Run asynchronous inference using the supplied ‘inputs’ requesting the outputs specified by ‘outputs’. Even though this call is non-blocking, however, the actual number of concurrent requests to the server will be limited by the ‘concurrency’ parameter specified while creating this client. In other words, if the inflight async_infer exceeds the specified ‘concurrency’, the delivery of the exceeding request(s) to server will be blocked till the slot is made available by retrieving the results of previously issued requests.

Parameters
  • model_name (str) – The name of the model to run inference.

  • inputs (list) – A list of InferInput objects, each describing data for a input tensor required by the model.

  • model_version (str) – The version of the model to run inference. The default value is an empty string which means then the server will choose a version based on the model and internal policy.

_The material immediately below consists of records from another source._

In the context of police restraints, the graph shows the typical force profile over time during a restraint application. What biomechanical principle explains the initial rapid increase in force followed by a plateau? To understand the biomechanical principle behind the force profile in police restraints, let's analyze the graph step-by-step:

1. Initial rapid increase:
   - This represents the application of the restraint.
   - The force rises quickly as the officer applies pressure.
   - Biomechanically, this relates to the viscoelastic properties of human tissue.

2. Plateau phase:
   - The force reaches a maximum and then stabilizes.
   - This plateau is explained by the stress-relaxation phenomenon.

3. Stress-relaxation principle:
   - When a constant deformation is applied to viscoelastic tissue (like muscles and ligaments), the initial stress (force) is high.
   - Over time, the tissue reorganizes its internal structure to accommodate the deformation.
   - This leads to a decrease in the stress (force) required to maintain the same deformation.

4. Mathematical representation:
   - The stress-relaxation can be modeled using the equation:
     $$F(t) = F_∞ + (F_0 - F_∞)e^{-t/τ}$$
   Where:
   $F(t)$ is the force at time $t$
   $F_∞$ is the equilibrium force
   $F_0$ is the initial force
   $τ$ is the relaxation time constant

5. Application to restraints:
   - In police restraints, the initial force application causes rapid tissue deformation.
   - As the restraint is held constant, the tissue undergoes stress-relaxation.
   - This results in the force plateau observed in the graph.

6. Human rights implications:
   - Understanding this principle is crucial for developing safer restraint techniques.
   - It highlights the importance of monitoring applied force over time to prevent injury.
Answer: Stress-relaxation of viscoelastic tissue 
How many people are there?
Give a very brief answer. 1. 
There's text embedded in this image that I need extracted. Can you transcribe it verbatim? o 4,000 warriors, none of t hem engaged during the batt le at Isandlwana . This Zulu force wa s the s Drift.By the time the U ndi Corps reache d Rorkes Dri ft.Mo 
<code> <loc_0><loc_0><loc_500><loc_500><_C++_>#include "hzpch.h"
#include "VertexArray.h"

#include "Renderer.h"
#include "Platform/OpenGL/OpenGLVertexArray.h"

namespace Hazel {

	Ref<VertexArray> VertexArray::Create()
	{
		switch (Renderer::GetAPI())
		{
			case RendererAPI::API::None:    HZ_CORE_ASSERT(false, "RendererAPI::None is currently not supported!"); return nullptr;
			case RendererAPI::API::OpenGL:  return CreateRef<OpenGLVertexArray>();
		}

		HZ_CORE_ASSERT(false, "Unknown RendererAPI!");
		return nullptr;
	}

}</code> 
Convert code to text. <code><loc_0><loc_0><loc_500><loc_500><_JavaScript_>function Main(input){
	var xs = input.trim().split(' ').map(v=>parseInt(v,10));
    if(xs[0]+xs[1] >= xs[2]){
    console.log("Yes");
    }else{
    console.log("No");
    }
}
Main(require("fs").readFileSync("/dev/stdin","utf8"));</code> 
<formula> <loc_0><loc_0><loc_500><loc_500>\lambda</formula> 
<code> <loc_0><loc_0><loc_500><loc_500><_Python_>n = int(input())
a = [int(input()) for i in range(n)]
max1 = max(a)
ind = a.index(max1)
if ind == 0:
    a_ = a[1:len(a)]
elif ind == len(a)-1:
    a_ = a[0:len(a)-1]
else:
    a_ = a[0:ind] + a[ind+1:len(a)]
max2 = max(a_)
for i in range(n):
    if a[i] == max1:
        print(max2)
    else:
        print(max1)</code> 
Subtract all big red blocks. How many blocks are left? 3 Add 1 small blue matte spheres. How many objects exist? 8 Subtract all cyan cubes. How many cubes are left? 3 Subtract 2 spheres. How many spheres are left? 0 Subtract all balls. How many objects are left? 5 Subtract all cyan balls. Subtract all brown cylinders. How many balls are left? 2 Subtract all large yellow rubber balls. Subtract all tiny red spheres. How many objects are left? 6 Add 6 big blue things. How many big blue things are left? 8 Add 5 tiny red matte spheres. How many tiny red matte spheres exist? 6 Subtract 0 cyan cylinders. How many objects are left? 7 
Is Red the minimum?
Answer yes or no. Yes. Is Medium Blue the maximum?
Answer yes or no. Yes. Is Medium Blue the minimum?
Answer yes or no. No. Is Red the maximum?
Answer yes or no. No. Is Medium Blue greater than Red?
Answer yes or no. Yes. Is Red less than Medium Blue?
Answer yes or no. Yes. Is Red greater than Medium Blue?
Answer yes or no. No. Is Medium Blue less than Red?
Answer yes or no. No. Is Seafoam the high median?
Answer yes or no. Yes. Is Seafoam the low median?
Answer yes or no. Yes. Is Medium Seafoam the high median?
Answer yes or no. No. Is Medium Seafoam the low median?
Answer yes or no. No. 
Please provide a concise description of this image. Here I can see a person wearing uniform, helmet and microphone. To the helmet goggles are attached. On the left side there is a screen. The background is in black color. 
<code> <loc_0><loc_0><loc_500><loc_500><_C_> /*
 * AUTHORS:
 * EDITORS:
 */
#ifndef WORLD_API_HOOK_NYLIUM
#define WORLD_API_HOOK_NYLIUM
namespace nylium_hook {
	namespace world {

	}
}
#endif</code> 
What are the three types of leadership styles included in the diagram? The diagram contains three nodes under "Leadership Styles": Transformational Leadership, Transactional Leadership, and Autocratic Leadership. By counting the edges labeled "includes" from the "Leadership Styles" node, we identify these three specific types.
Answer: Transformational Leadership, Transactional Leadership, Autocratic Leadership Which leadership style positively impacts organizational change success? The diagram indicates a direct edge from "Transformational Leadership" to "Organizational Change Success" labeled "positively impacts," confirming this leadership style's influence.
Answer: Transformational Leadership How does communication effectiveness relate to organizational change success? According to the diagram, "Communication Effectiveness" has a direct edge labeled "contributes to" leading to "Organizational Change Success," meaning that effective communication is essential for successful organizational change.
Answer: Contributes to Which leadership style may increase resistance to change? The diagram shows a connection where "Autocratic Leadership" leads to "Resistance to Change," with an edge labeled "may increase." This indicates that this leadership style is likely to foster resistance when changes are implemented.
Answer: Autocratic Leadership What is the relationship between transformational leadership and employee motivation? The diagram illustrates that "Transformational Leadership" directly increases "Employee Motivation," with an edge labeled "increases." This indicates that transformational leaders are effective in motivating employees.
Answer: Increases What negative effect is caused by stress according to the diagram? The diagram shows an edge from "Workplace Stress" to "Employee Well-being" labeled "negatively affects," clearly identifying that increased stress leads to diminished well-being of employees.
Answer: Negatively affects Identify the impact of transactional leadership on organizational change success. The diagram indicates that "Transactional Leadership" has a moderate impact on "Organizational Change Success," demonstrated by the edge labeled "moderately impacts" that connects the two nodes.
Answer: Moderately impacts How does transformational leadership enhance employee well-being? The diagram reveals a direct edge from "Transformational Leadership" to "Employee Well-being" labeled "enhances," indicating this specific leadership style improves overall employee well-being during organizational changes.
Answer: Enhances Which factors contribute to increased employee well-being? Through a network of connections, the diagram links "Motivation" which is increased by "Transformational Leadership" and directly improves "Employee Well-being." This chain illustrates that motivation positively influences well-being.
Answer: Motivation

  • outputs (list) – A list of InferRequestedOutput objects, each describing how the output data must be returned. If not specified all outputs produced by the model will be returned using default settings.

  • request_id (str) – Optional identifier for the request. If specified will be returned in the response. Default value is ‘None’ which means no request_id will be used.

  • sequence_id (int) – The unique identifier for the sequence being represented by the object. Default value is 0 which means that the request does not belong to a sequence.

  • sequence_start (bool) – Indicates whether the request being added marks the start of the sequence. Default value is False. This argument is ignored if ‘sequence_id’ is 0.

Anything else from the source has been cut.